DIFFERENTIAL DIAGNOSIS AND TREATMENT

The patient underwent diagnostic anterior chamber paracentesis and subsequent intravitreal injection of ganciclovir (4 mg/0.1 mL). Treatment with oral valacyclovir 2 g three times daily and trimethoprim 800 mg/sulfamethoxazole 160 mg twice daily was then initiated.

Aqueous fluid was analyzed via polymerase chain reaction (PCR) for herpes simplex virus 1 and 2, varicella zoster virus, CMV, and Toxoplasma gondii. Serologic testing, including complete blood count with differential, comprehensive metabolic panel, Lyme antibodies, Quantiferon-TB Gold interferon-gamma release assay (Qiagen), rapid plasma reagin, and fluorescent treponemal antibody absorption were unrevealing. Chest radiograph was normal. Qualitative PCR analysis of the aqueous humor for CMV returned positive.

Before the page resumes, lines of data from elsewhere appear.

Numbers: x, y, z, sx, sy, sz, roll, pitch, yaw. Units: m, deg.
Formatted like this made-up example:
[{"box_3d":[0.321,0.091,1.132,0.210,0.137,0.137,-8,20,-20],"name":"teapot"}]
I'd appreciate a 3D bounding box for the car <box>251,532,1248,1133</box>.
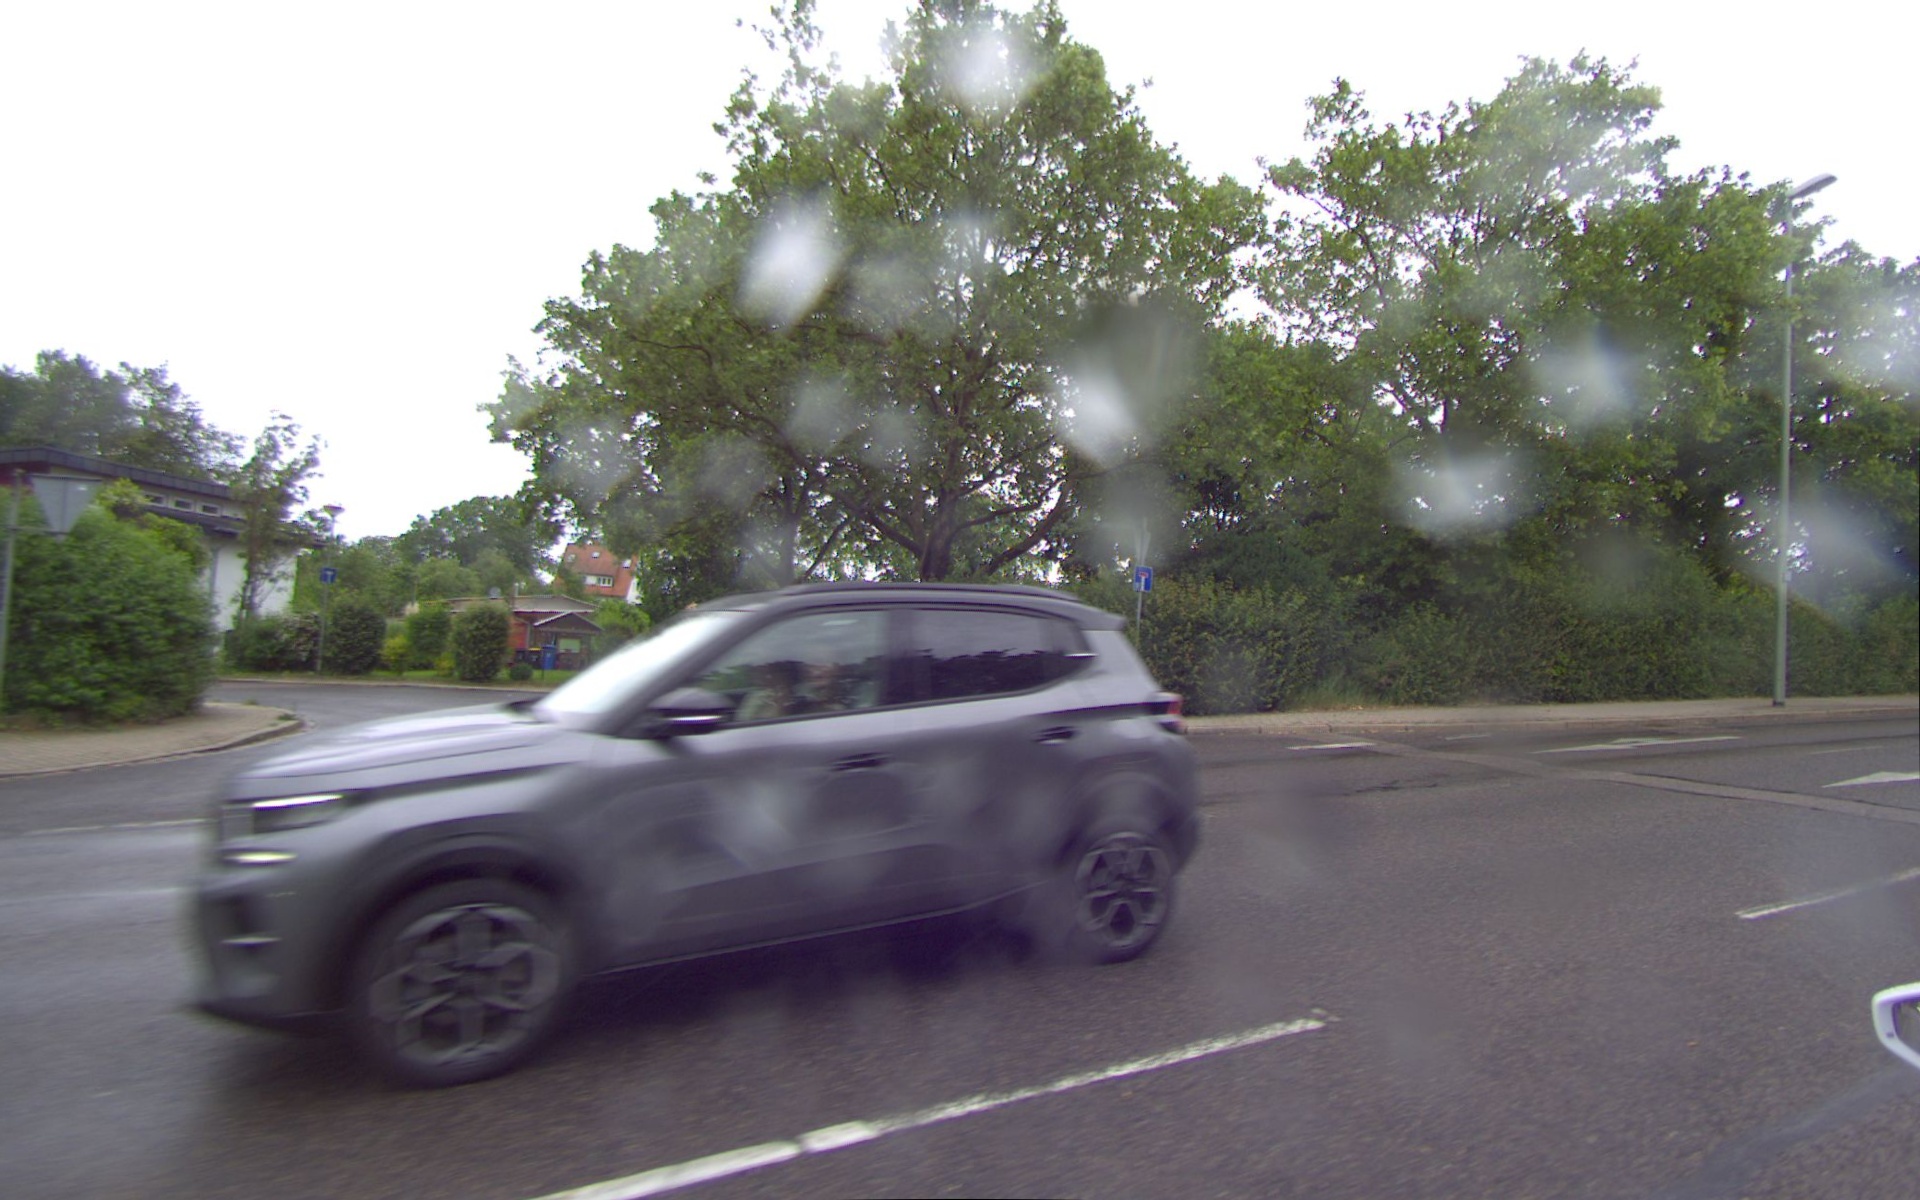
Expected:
[{"box_3d":[-0.724,0.692,4.421,3.687,1.624,1.787,2,-2,-29],"name":"car"}]

The patient subsequently received four weekly intravitreal injections of ganciclovir and a course of oral valganciclovir 900 mg twice daily for 2 weeks, at which time the dose of oral valganciclovir was reduced to 450 mg twice daily. The patient was also treated with topical prednisolone acetate 1% eye drops four times daily for 2 months, during which time the previously noted anterior chamber inflammation and vitritis improved significantly.

The extensive retinal nonperfusion noted upon initial evaluation persisted. The patient’s vision remains stable at hand motion, with resolution of intraocular inflammation and the associated retinitis.

DISCUSSION

Ocular manifestations of CMV infection in immunocompromised patients have been extensively described. CMV reaches the retina hematogenously and infects the vascular endothelium, subsequently spreading to surrounding retinal cells.1 The ocular examination classically reveals yellow-white retinal lesions beginning in the periphery that follow the vasculature centripetally. Retinal hemorrhage with surrounding whitish granularity is typical. Most patients do not present with vitritis, as they are severely immunosuppressed.

CMV retinitis has been reported in nonimmunosuppressed individuals after administration of local intraocular or periocular corticosteroid injections for other ocular disease; however, ocular CMV infection among patients without immune suppression is extremely rare.3-5

Although our patient had a history of sarcoidosis, he had not received any systemic or local immunosuppressive treatment at the time of his presentation to us or in the several months before presentation.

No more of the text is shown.